Eine kleine Informatikstudentin hat da mal ne Frage... ;-)
Hab mit dem Dreamweaver Programm nen Java-Quellcode erstellt. Wie kann ich jetzt sehen, wie die Seite aussehen würde, da die Option "Vorschau im Browser" irgendwie nicht funkt...

Schonmal danke


----------



## Wildcard (11. Apr 2007)

Das ist kein Java sondern Javascript.
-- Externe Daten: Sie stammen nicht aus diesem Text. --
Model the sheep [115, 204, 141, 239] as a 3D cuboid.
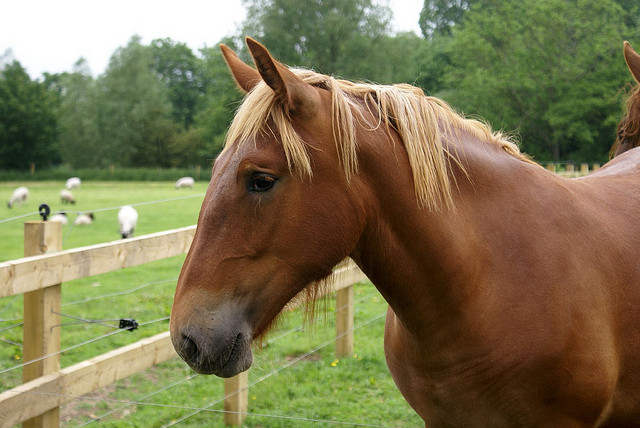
[{"bbox_3d":[-2.712,0.117,10.288,0.292,0.496,0.691,7,4,-11],"label":"sheep"}]
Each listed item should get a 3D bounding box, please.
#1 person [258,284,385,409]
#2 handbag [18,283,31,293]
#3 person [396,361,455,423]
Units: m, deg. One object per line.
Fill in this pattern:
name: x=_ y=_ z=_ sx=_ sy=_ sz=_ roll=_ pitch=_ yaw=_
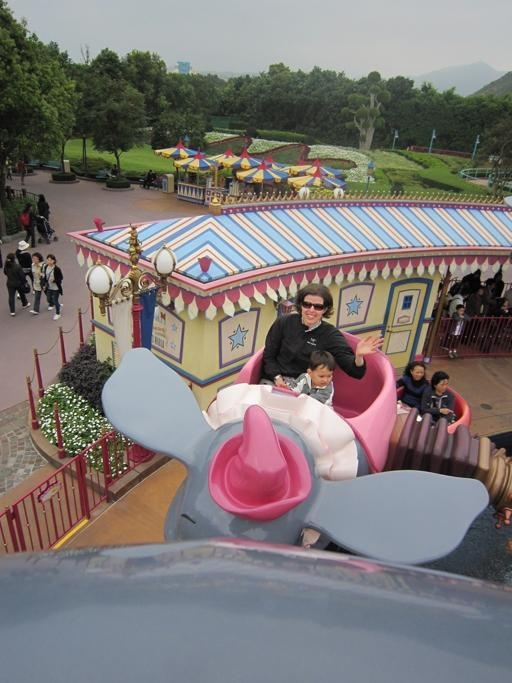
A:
person: x=0.389 y=-0.031 z=4.064 sx=0.975 sy=1.035 sz=0.849 roll=19 pitch=35 yaw=-3
handbag: x=-6.822 y=-1.609 z=14.204 sx=0.212 sy=0.312 sz=0.301 roll=13 pitch=66 yaw=6
person: x=2.530 y=0.712 z=7.036 sx=0.642 sy=0.661 sz=1.323 roll=11 pitch=-3 yaw=8
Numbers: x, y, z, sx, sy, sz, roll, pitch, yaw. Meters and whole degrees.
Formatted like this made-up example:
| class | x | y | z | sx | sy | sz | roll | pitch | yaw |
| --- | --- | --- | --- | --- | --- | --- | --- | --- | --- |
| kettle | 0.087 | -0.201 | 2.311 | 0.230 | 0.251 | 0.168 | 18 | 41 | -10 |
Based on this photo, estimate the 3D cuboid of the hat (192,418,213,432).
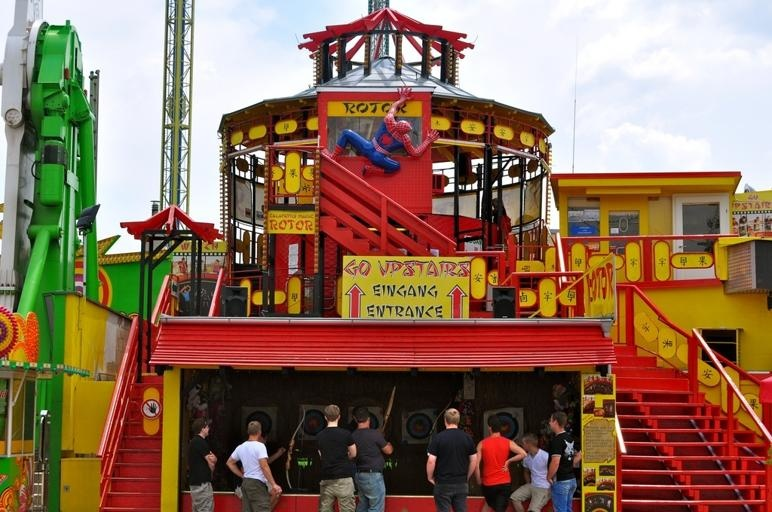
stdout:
| class | x | y | z | sx | sy | sz | roll | pitch | yaw |
| --- | --- | --- | --- | --- | --- | --- | --- | --- | --- |
| hat | -3.742 | 3.435 | 26.489 | 0.221 | 0.366 | 0.267 | 21 | 32 | 38 |

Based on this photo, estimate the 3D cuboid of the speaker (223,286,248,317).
| class | x | y | z | sx | sy | sz | roll | pitch | yaw |
| --- | --- | --- | --- | --- | --- | --- | --- | --- | --- |
| speaker | -3.208 | 0.956 | 27.635 | 0.520 | 0.705 | 0.558 | 2 | -9 | -8 |

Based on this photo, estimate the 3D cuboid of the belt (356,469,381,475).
| class | x | y | z | sx | sy | sz | roll | pitch | yaw |
| --- | --- | --- | --- | --- | --- | --- | --- | --- | --- |
| belt | -0.322 | 4.231 | 25.639 | 0.477 | 0.103 | 0.157 | 1 | -10 | -3 |

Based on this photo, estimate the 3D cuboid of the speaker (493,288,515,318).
| class | x | y | z | sx | sy | sz | roll | pitch | yaw |
| --- | --- | --- | --- | --- | --- | --- | --- | --- | --- |
| speaker | 2.518 | 1.009 | 27.530 | 0.547 | 0.803 | 0.567 | 0 | -11 | 2 |
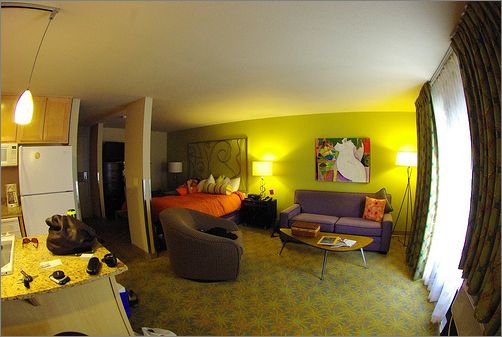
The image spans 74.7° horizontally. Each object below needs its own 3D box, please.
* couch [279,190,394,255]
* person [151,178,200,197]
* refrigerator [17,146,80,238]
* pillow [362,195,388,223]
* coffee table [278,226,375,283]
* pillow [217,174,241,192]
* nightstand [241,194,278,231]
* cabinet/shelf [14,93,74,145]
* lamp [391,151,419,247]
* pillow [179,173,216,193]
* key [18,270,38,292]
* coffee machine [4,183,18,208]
[{"bbox_3d":[1.611,0.974,6.148,1.903,1.044,0.882,1,3,24],"label":"couch"},{"bbox_3d":[-1.646,0.488,7.720,0.772,0.344,0.571,1,-3,-25],"label":"person"},{"bbox_3d":[-3.353,0.351,5.281,0.934,1.390,0.910,-2,7,-34],"label":"refrigerator"},{"bbox_3d":[2.233,0.734,5.894,0.396,0.474,0.180,2,-22,45],"label":"pillow"},{"bbox_3d":[1.159,1.300,5.401,1.005,0.575,1.430,-3,4,-37],"label":"coffee table"},{"bbox_3d":[-0.479,0.319,7.526,0.386,0.133,0.392,6,19,35],"label":"pillow"},{"bbox_3d":[0.192,0.935,7.120,0.653,0.594,0.448,2,2,34],"label":"nightstand"},{"bbox_3d":[-3.087,-0.750,4.883,0.764,0.899,0.304,0,2,-44],"label":"cabinet/shelf"},{"bbox_3d":[2.824,0.522,6.046,0.368,1.676,0.569,1,4,26],"label":"lamp"},{"bbox_3d":[-1.289,0.395,7.880,0.597,0.245,0.504,-5,7,-23],"label":"pillow"},{"bbox_3d":[-2.157,1.073,3.199,0.098,0.076,0.239,21,22,-48],"label":"key"},{"bbox_3d":[-3.821,0.432,5.266,0.159,0.348,0.280,-3,4,-36],"label":"coffee machine"}]
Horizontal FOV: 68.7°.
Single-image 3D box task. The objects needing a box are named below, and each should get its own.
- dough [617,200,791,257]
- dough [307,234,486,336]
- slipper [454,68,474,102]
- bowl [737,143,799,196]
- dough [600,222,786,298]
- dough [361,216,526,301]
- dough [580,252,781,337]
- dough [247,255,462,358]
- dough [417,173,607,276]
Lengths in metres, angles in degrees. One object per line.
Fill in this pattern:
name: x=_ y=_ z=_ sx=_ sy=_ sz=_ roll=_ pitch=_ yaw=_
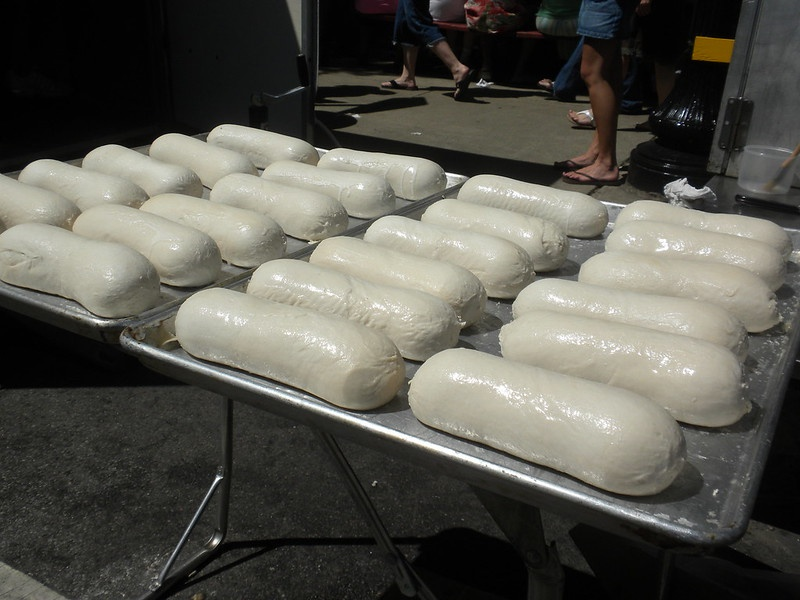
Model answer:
dough: x=1.050 y=-0.288 z=2.114 sx=0.572 sy=0.198 sz=0.225 roll=13 pitch=37 yaw=30
dough: x=-0.033 y=-0.107 z=1.853 sx=0.598 sy=0.195 sz=0.230 roll=22 pitch=16 yaw=21
slipper: x=0.865 y=-2.865 z=7.875 sx=0.171 sy=0.515 sz=0.208 roll=-7 pitch=58 yaw=4
bowl: x=1.764 y=-0.618 z=2.801 sx=0.233 sy=0.187 sz=0.248 roll=-1 pitch=20 yaw=0
dough: x=0.947 y=-0.191 z=1.964 sx=0.552 sy=0.213 sz=0.240 roll=13 pitch=26 yaw=21
dough: x=0.170 y=-0.186 z=1.973 sx=0.614 sy=0.201 sz=0.212 roll=18 pitch=29 yaw=21
dough: x=0.839 y=-0.062 z=1.783 sx=0.502 sy=0.181 sz=0.232 roll=12 pitch=31 yaw=30
dough: x=-0.115 y=0.021 z=1.709 sx=0.683 sy=0.222 sz=0.239 roll=17 pitch=35 yaw=16
dough: x=0.439 y=-0.323 z=2.154 sx=0.471 sy=0.159 sz=0.460 roll=16 pitch=38 yaw=28
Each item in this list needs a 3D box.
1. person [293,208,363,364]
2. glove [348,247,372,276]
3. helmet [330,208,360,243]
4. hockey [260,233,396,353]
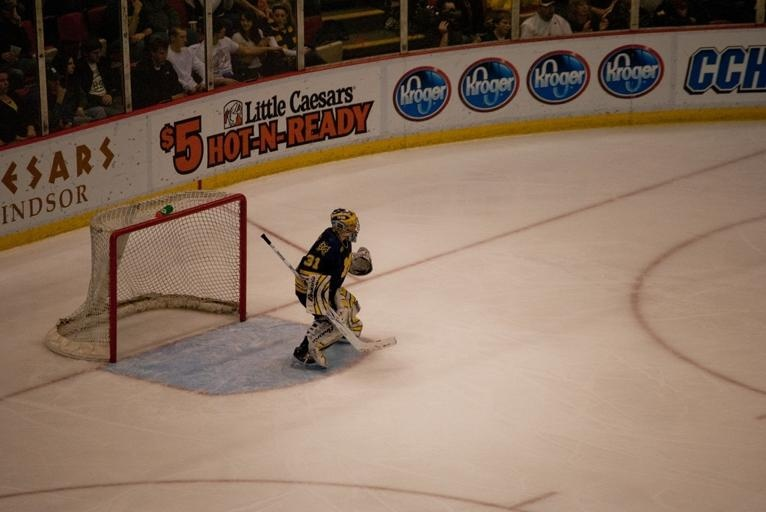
[{"bbox_3d":[-0.569,0.333,8.243,0.765,1.551,0.503,-6,18,-14],"label":"person"},{"bbox_3d":[-0.228,0.074,8.625,0.222,0.292,0.140,40,9,-7],"label":"glove"},{"bbox_3d":[-0.366,-0.299,8.294,0.224,0.366,0.313,4,17,18],"label":"helmet"},{"bbox_3d":[-0.600,0.459,8.872,1.655,0.239,0.269,45,26,16],"label":"hockey"}]
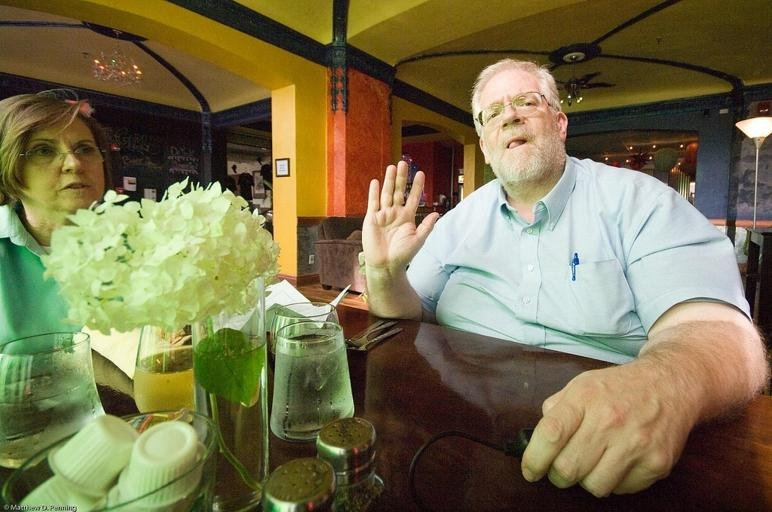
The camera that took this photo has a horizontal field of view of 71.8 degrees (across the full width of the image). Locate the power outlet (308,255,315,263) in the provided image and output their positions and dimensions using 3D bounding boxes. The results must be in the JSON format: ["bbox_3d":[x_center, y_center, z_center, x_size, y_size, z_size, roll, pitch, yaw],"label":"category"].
[{"bbox_3d":[-0.881,0.032,6.267,0.015,0.114,0.092,8,9,41],"label":"power outlet"}]

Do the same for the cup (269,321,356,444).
[{"bbox_3d":[-0.205,0.310,1.423,0.230,0.252,0.270,-1,11,-7],"label":"cup"}]

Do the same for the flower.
[{"bbox_3d":[-0.498,0.105,1.343,0.487,0.529,0.524,-1,18,-8],"label":"flower"}]

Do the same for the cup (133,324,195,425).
[{"bbox_3d":[-0.552,0.278,1.356,0.177,0.250,0.153,0,5,-30],"label":"cup"}]

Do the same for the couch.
[{"bbox_3d":[-0.260,-0.054,5.859,0.672,0.729,1.068,7,10,21],"label":"couch"}]

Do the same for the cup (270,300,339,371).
[{"bbox_3d":[-0.225,0.213,1.481,0.199,0.204,0.195,0,-7,0],"label":"cup"}]

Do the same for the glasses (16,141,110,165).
[{"bbox_3d":[-1.060,-0.336,1.762,0.249,0.077,0.052,-5,6,-43],"label":"glasses"}]

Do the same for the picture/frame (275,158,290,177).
[{"bbox_3d":[-1.157,-0.998,5.976,0.211,0.204,0.023,5,7,30],"label":"picture/frame"}]

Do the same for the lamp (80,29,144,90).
[{"bbox_3d":[-2.968,-2.222,5.872,0.477,0.486,0.430,-2,11,-28],"label":"lamp"}]
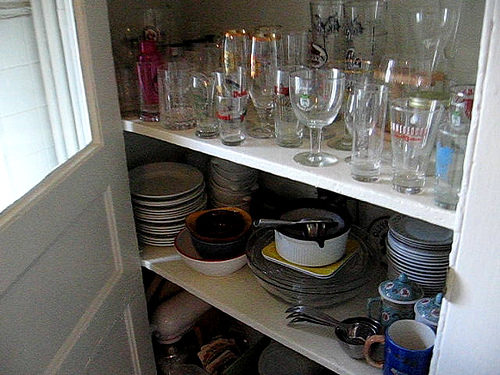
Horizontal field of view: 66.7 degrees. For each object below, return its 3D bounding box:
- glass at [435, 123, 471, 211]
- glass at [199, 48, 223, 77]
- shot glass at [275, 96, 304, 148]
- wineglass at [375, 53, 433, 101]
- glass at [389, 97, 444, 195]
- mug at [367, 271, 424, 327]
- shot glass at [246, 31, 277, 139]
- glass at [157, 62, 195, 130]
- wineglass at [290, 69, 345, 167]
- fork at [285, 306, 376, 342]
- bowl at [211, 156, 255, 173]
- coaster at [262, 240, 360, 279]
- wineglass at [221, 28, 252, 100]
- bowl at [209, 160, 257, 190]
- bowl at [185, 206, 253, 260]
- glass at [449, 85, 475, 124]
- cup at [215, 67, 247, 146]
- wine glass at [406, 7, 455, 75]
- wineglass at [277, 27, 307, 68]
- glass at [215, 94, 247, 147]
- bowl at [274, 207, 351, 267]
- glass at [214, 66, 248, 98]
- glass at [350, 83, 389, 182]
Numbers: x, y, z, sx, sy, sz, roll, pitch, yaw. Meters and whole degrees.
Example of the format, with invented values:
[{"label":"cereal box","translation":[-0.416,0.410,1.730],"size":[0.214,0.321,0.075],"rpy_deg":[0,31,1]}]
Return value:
[{"label":"glass","translation":[0.350,-0.040,0.670],"size":[0.050,0.144,0.079],"rpy_deg":[10,28,22]},{"label":"glass","translation":[-0.104,-0.394,1.196],"size":[0.090,0.089,0.086],"rpy_deg":[4,26,7]},{"label":"shot glass","translation":[0.095,-0.161,0.924],"size":[0.079,0.116,0.077],"rpy_deg":[11,39,26]},{"label":"wineglass","translation":[0.327,-0.249,0.882],"size":[0.143,0.120,0.132],"rpy_deg":[1,22,5]},{"label":"glass","translation":[0.311,-0.079,0.722],"size":[0.094,0.165,0.102],"rpy_deg":[5,26,12]},{"label":"mug","translation":[0.362,0.286,0.946],"size":[0.115,0.134,0.142],"rpy_deg":[1,0,-20]},{"label":"shot glass","translation":[0.043,-0.286,1.054],"size":[0.122,0.262,0.102],"rpy_deg":[-3,28,1]},{"label":"glass","translation":[-0.217,-0.259,1.102],"size":[0.110,0.162,0.118],"rpy_deg":[18,27,42]},{"label":"wineglass","translation":[0.151,-0.163,0.860],"size":[0.118,0.193,0.165],"rpy_deg":[-5,25,-8]},{"label":"fork","translation":[0.205,0.338,1.007],"size":[0.234,0.031,0.064],"rpy_deg":[18,32,28]},{"label":"bowl","translation":[-0.071,-0.077,1.291],"size":[0.152,0.045,0.048],"rpy_deg":[6,26,16]},{"label":"coaster","translation":[0.190,0.199,1.182],"size":[0.308,0.023,0.294],"rpy_deg":[1,19,3]},{"label":"wineglass","translation":[-0.061,-0.358,1.134],"size":[0.134,0.203,0.122],"rpy_deg":[-4,28,-15]},{"label":"bowl","translation":[-0.080,-0.056,1.320],"size":[0.103,0.034,0.108],"rpy_deg":[2,25,-1]},{"label":"bowl","translation":[-0.098,0.156,1.221],"size":[0.205,0.118,0.182],"rpy_deg":[-15,35,-28]},{"label":"glass","translation":[0.395,-0.161,0.712],"size":[0.036,0.054,0.164],"rpy_deg":[11,26,24]},{"label":"cup","translation":[-0.048,-0.212,0.979],"size":[0.081,0.178,0.149],"rpy_deg":[-1,25,0]},{"label":"wine glass","translation":[0.423,-0.361,0.915],"size":[0.093,0.139,0.275],"rpy_deg":[7,25,17]},{"label":"wineglass","translation":[0.120,-0.373,1.021],"size":[0.070,0.089,0.135],"rpy_deg":[-4,24,-6]},{"label":"glass","translation":[-0.056,-0.177,1.000],"size":[0.087,0.123,0.092],"rpy_deg":[13,22,39]},{"label":"bowl","translation":[0.179,0.146,1.153],"size":[0.224,0.075,0.217],"rpy_deg":[-5,13,1]},{"label":"glass","translation":[-0.043,-0.273,0.992],"size":[0.099,0.066,0.098],"rpy_deg":[3,20,9]},{"label":"glass","translation":[0.243,-0.108,0.819],"size":[0.082,0.197,0.079],"rpy_deg":[2,-4,34]}]

Du bist hier falsch.
*verschieb*


----------



## L-ectron-X (11. Apr 2007)

Ich kenne den Dreamweaver nur vom Namen (das Programm ist mit zu teuer).
Im Prinzip brauchst du doch nur das Script in eine Webseite setzen und die Webseite dann in einen Browser laden.


----------



## AlArenal (12. Apr 2007)

Ich würde mir an deiner Stelle mal die Macromedia-übich sehr gute Doku vom DW reinziehen. Ich denke aber auch, dass ein Info-Student schon selbst auf die Idee kommen könnte, dass sich hinter dem Menü "Datei" -> "Vorschau in Browser" -> "Browserliste bearbeiten" etwas hilfreiches verbergen könnte...

@ele
Zu teuer ist relativ. Der DW ist seit Jahren der m.E. beste WYSIWYG-Editor auf dem Markt. Ich bin selbst mal gespannt ob die brandneue Version auch bei CSS nachgelegt hat und z.B. YAML-Sites richtig darstellt.


----------